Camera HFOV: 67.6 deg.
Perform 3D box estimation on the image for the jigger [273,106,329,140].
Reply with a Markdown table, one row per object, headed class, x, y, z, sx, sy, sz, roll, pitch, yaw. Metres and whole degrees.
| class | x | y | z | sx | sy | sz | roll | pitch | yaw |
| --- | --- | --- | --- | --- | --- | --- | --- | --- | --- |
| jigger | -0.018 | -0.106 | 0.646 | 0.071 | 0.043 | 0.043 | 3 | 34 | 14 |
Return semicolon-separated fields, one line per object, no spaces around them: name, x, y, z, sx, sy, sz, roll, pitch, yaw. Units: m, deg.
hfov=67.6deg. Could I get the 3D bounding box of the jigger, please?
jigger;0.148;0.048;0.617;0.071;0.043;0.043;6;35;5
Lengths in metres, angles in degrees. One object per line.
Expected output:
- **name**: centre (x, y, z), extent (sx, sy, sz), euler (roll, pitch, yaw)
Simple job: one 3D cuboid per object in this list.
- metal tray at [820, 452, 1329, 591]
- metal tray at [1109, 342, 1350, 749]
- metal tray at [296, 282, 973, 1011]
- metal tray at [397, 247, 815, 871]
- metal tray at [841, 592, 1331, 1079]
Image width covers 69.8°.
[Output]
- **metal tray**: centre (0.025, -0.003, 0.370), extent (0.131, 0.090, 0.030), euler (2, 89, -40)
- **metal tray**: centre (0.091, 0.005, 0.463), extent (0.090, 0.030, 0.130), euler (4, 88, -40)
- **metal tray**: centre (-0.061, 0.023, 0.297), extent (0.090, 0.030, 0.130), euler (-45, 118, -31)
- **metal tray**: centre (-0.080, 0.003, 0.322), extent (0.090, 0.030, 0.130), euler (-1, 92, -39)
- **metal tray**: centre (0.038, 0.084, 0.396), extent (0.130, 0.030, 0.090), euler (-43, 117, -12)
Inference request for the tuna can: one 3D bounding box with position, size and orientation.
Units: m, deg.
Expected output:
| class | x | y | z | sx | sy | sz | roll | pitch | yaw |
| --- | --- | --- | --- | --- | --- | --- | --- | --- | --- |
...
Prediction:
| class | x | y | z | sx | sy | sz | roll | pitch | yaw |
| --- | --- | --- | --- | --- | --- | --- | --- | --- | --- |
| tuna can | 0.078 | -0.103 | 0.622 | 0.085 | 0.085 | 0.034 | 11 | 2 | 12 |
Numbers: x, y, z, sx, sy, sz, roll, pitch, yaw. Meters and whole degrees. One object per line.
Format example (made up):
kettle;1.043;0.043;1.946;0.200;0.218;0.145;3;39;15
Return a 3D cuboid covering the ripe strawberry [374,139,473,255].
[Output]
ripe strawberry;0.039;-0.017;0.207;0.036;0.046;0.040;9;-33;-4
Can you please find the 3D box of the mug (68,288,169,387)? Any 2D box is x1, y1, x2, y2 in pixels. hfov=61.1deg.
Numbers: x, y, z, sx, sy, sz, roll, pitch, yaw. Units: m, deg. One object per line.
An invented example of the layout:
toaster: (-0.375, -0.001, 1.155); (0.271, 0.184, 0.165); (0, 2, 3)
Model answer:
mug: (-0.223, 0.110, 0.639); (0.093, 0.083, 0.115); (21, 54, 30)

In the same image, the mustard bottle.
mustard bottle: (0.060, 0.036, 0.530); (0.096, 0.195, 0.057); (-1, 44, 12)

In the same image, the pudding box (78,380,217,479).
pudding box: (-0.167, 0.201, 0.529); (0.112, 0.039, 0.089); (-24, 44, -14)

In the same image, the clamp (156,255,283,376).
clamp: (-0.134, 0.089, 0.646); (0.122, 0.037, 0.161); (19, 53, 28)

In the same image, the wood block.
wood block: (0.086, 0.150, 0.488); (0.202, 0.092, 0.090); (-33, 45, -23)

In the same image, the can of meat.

※ ※ ※

● Task prompt: The lines to copy are those above that contain the string "Units".

● Answer to this exercise:
Return semicolon-separated fields, one line per object, no spaces around them: name, x, y, z, sx, sy, sz, roll, pitch, yaw. Units: m, deg.
Units: m, deg.
Numbers: x, y, z, sx, sy, sz, roll, pitch, yaw. Units: m, deg. One object per line.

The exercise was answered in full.